I remember the rhythmic crunch of each of my steps breaking the crust of the snow on the road below. The twin buttes of the Bears Ears on the horizon sat ahead of me, backlit by the low January sunset. It was the winter of 2018, and I was running in protest with 17 friends and six dogs across the Bears Ears and Grand Staircase Escalante National Monuments to raise awareness about the Trump administration’s efforts to radically reduce their protections and sidelined tribes’ involvement in their management. At that moment, I also had no idea where my next paycheck would come from. Not only was I running in protest, but I had also quit my job with the Department of Energy in protest as well. I had left because I could not stomach the moral compromises I would need to navigate as a Native person implementing the Trump administration’s policies.
The election of 2016 represented a seismic shift. Just months prior, the term “climate change” was a centerpiece of our work under the Obama administration; however, with the change in the presidency, I was asked to scrub this term from all our public-facing materials. I refused, and later shared this experience with congress. The climate of our office grew tense after the Trump administration appointed a new official who had advocated for the targeted executions of “liberal” professors, rooted out government employees who “believed” in climate change, and shared a multitude of racist and anti-Semitic views. The best way I could advocate for my community was to fight from the outside to make a change.
Four years later, we now sit at a precarious junction in our history. On June 21, the Bureau of Land Management, the U.S. Forest Service, and the Five Tribes of the Intertribal Coalition—the Navajo Nation, Hopi Tribe, Ute Mountain Ute Tribe, Zuni Tribe, and Ute Indian Tribe—signed a cooperative management agreement for the Bears Ears National Monument. The cooperative management, “co-management,” approach between the federal government and tribes is not a new concept and has been implemented in other federal programs.

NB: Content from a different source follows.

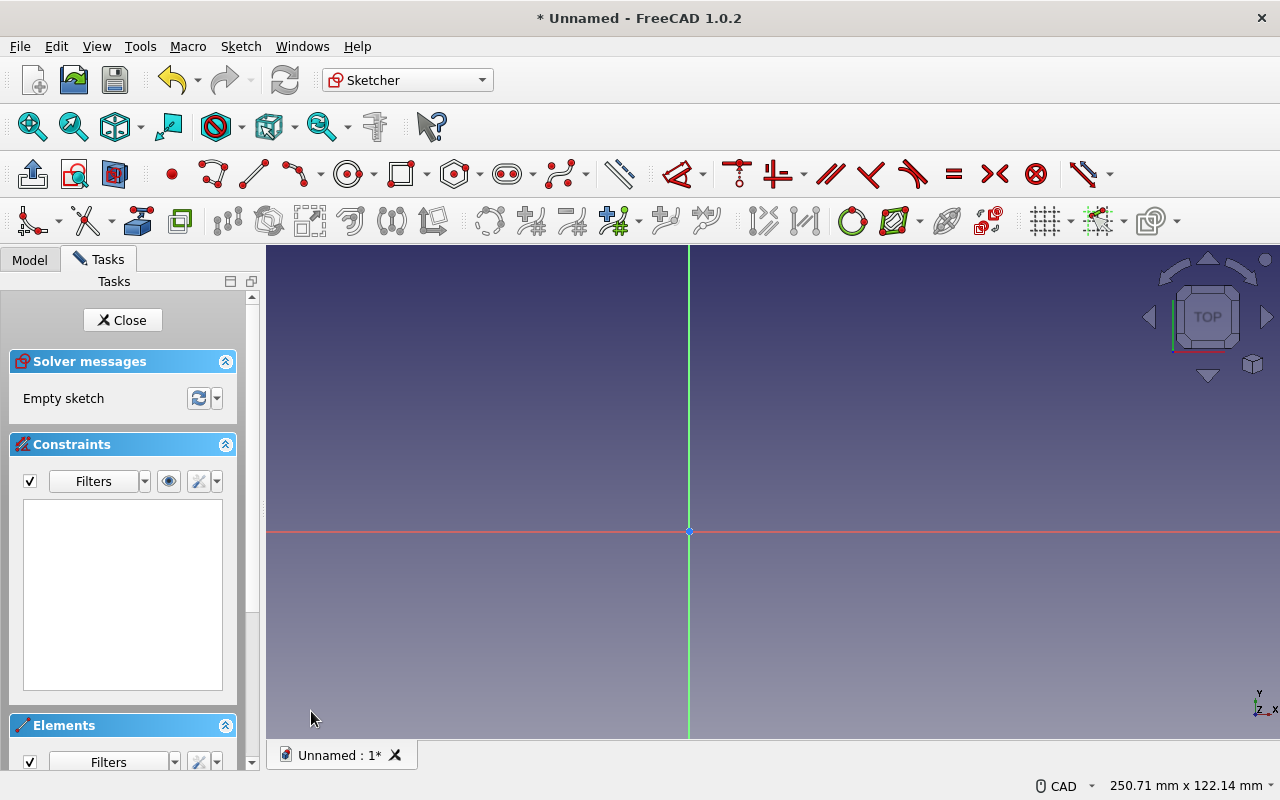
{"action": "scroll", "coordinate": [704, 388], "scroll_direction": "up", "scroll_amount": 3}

These agreements are more common in law enforcement, hazardous and solid waste disposal, tax revenues, economic development, and allocation of water rights. This marks the first time in the modern history of federal land management that the U.S. government will treat tribes as equals and experts, and not as people to be subjugated under a paternalistic policy.
This marks the first time in the modern history of federal land management that the U.S. government will treat tribes as equals and experts.
Labeling Bears Ears as a success story glosses over the jurisdictional complexities of Federal Indian law. Historically, the most litigated topics between states and the federal government are gaming regulations, fish and game issues, and environmental matters. The Bears Ears National Monument fits into the latter two categories. To understand the significance of this cooperation, we must recognize history, tribal sovereignty, and federal Indian law.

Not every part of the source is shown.